Data drift occurs when the statistical properties of incoming (production) data diverge from the data the model was trained on. Skyulf provides a DriftCalculator to detect this automatically.

When to use drift detection

  • Before running predictions on new data batches.
  • As a scheduled health check in production pipelines.
  • After a data source change (new CSV, new API feed, schema migration).

Quick example

import polars as pl
from skyulf.profiling import DriftCalculator

# Reference = your training data
reference = pl.DataFrame({
    "age": [25, 30, 35, 40, 45, 50],
    "income": [30000, 45000, 55000, 65000, 70000, 80000],
})

# Current = new production data
current = pl.DataFrame({
    "age": [60, 65, 70, 75, 80, 85],
    "income": [90000, 95000, 100000, 110000, 120000, 130000],
})

calc = DriftCalculator(reference, current)
report = calc.calculate_drift()

print(f"Drifted columns: {report.drifted_columns_count}")
for col, drift in report.column_drifts.items():
    print(f"  {col}: drift={drift.drift_detected}")
    for m in drift.metrics:
        print(f"    {m.metric}: {m.value:.4f} (threshold={m.threshold}, drifted={m.has_drift})")

Drift metrics

The DriftCalculator computes these metrics for each numeric column:

Metric What it measures Default threshold
Wasserstein distance How much "work" to transform one distribution into the other 0.1 (normalized)
KS test (Kolmogorov-Smirnov) Maximum distance between CDFs; returns a p-value p < 0.05
PSI (Population Stability Index) Binned distribution shift 0.2
KL divergence Information-theoretic divergence 0.1

A column is flagged as "drifted" if any metric exceeds its threshold.

Custom thresholds

report = calc.calculate_drift(thresholds={
    "psi": 0.15,
    "ks": 0.01,
    "wasserstein": 0.05,
    "kl_divergence": 0.2,
})

Schema drift

The report also detects structural changes:

  • report.missing_columns — columns present in reference but absent in current data.
  • report.new_columns — columns in current data that were not in the reference.

Report structure

DriftReport(
    reference_rows=1000,
    current_rows=500,
    drifted_columns_count=2,
    column_drifts={
        "age": ColumnDrift(
            column="age",
            metrics=[...],
            drift_detected=True,
            suggestions=["Consider retraining..."],
        ),
    },
    missing_columns=[],
    new_columns=["new_feature"],
)

Data format

DriftCalculator works with Polars DataFrames.

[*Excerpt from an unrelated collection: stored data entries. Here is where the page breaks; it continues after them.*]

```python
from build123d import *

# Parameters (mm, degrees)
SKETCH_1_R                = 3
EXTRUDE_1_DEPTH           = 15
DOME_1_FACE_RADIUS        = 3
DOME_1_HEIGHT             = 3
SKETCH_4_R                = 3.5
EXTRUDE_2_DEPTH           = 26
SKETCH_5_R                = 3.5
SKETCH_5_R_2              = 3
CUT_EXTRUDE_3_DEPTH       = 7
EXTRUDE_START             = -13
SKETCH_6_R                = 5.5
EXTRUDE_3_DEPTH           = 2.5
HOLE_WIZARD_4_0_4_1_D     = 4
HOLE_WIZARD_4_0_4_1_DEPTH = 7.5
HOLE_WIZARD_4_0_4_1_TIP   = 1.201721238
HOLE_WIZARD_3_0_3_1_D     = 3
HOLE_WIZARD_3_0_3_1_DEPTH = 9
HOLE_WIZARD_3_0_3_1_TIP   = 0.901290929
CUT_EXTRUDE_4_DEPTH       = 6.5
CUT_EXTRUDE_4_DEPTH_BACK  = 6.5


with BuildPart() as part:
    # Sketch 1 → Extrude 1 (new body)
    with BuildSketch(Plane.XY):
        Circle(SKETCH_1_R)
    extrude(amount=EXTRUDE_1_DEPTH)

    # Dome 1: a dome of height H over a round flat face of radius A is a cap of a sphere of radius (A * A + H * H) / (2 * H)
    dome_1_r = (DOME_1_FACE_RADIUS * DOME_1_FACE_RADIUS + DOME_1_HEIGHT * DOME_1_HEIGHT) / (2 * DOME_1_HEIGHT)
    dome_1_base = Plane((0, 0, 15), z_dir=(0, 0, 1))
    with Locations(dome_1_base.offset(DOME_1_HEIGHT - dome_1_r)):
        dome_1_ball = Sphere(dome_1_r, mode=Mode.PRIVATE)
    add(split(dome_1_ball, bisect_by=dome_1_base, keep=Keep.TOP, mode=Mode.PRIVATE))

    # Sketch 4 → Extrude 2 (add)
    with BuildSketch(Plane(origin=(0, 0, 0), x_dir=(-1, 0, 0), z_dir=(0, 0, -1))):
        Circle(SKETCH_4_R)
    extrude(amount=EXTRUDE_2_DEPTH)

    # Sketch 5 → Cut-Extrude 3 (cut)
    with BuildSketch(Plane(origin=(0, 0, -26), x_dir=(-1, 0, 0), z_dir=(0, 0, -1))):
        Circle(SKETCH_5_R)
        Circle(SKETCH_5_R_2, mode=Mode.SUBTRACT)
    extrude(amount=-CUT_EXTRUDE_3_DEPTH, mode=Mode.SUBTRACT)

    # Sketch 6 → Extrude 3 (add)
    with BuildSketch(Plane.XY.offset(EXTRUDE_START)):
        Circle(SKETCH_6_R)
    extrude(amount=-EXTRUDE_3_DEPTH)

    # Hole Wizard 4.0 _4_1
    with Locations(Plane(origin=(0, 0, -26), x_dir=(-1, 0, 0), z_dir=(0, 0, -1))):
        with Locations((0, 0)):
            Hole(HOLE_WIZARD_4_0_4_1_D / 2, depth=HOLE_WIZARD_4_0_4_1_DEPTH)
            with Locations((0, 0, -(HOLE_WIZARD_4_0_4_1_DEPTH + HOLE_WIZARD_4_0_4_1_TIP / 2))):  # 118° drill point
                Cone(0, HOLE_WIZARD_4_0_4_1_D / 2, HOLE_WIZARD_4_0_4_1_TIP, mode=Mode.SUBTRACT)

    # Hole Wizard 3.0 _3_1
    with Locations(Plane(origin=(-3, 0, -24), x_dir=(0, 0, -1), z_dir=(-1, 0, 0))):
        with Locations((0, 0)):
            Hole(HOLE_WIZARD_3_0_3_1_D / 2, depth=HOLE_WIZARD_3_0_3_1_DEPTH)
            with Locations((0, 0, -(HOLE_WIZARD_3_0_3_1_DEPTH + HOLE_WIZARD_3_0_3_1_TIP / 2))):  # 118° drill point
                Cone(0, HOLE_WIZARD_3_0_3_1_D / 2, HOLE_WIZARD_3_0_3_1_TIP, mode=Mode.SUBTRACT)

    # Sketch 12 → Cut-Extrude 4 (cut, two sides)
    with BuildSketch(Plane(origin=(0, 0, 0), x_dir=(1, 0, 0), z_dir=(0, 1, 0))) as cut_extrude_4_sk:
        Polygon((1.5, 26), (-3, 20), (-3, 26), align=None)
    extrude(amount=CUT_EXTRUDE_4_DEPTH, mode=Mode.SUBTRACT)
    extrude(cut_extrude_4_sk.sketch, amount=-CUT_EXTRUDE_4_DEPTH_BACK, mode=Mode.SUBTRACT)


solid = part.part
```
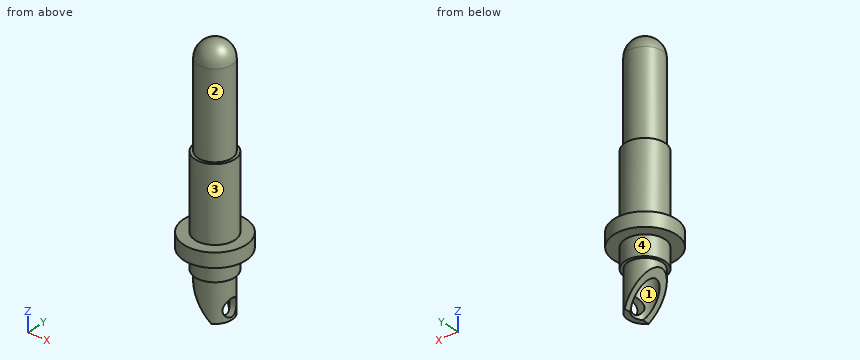
Geometry: final body of the model. Coordinates: model frame, mm. Face numbers are marked on the shaded views. A direction names the side the tool comes from. Round coordinates to 2 decimals unless told otherwise and drop trailing zeros. Write each loop counter-clockwise with the first axis right and the second up, starting at its lowest first coordinate (ties: lowest second). Pieces come first, ordered by that corner, then holes. Notation, with made-up numbers: (-40, 37.5) -> (-18, 37.5) arc R23 ccw to (-18, 59.5) -> close; hole circle Ø11 at (-2, 22). An arc over 180 degrees is marked (long way). Use CSV: the item, a comma, the result in double quotes. Start each with the question number.
Q1. Section D-D (y = -4.25). Return loops of the section in (x, z).
Q2. Pull-direction query (Y, two-part tool) for the marked faces 1 and 2; classes: pulls with the +Y half, pulls with the -Y half, needs draft (parallel to the pull), parting line crosses it, or undercut.
Q3. Section A-A (z = -24). Return loops of the section in (x, y), plus the area to 3 significant figures.
Q4. Reachability of the marked faces 3 and 4 from +Z, -Z, +X, -X, +Y, -Y: full face, straight path, thin tool, end or side. Return the list, or none.
Q5. First-contact query: pin 1 Ø1 at (x, z) = (3.5, -11) entering from +Y; pin 2 Ø2.5 at (x, y) = (0, 0) entering from -Z; pin 3 Ø2 at (x, y) = (-3.5, 1) entering from +Z. Flat tips, straight axial feed; report the tip coordinate or a pass-through.
Q6. Section C-C (z = -0.5). Return loops of the section in (x, y), plus the area to 3 significant figures.
Q7. Section B-B (x = -2.5). Return loops of the section in (y, z).
Q8. Line query: L1, parallel to Y at x = 0, z = -22.5; L2, parallel to Z at x = 3, y = 4.5; L3, parallel to Z at x = 2.5, y = 0. Output: solid intervals per line, ascending.
Result sheet:
1,outline,"(-3.49, -15.5) -> (3.49, -15.5) -> (3.49, -13) -> (-3.49, -13) -> close"
2,face 1,"undercut"
2,face 2,"parting line crosses it"
3,outline,"(0, -3) arc R3 ccw to (2.6, -1.5) -> (1.32, -1.5) arc R2 cw to (0, -2) -> close; (0, 2) arc R2 cw to (1.32, 1.5) -> (2.6, 1.5) arc R3 ccw to (0, 3) -> close"
3,area,"4.62 mm²"
4,face 3,"+Z"
4,face 4,"-Z"
5,pin 1,"y = 1.8"
5,pin 2,"z = -18.05"
5,pin 3,"z = 16.42"
6,outline,"circle Ø7 at (0, 0)"
6,area,"38.5 mm²"
7,outline,"(-4.9, -15.5) -> (-2.45, -15.5) -> (-2.45, -19) -> (-1.66, -19) -> (-1.66, -20.67) -> (1.66, -20.67) -> (1.66, -19) -> (2.45, -19) -> (2.45, -15.5) -> (4.9, -15.5) -> (4.9, -13) -> (2.45, -13) -> (2.45, 0) -> (1.66, 0) -> (1.66, 15) arc R1.66 ccw to (-1.66, 15) -> (-1.66, 0) -> (-2.45, 0) -> (-2.45, -13) -> (-4.9, -13) -> close"
8,L1,"-3 to -2, 2 to 3"
8,L2,"-15.5 to -13"
8,L3,"-26 to -25.5, -22.5 to 16.66"

If your data is in Pandas:

import polars as pl

reference_pl = pl.from_pandas(reference_pd)
current_pl = pl.from_pandas(current_pd)

Dependencies

Drift calculation requires scipy (installed with skyulf-core by default).

Tips

  • Run drift detection before prediction to catch issues early.
  • Log drift reports over time to track gradual distribution shifts.
  • If drift is detected, consider retraining the model on recent data.
  • Non-numeric columns are currently skipped — encode them first if you need categorical drift detection.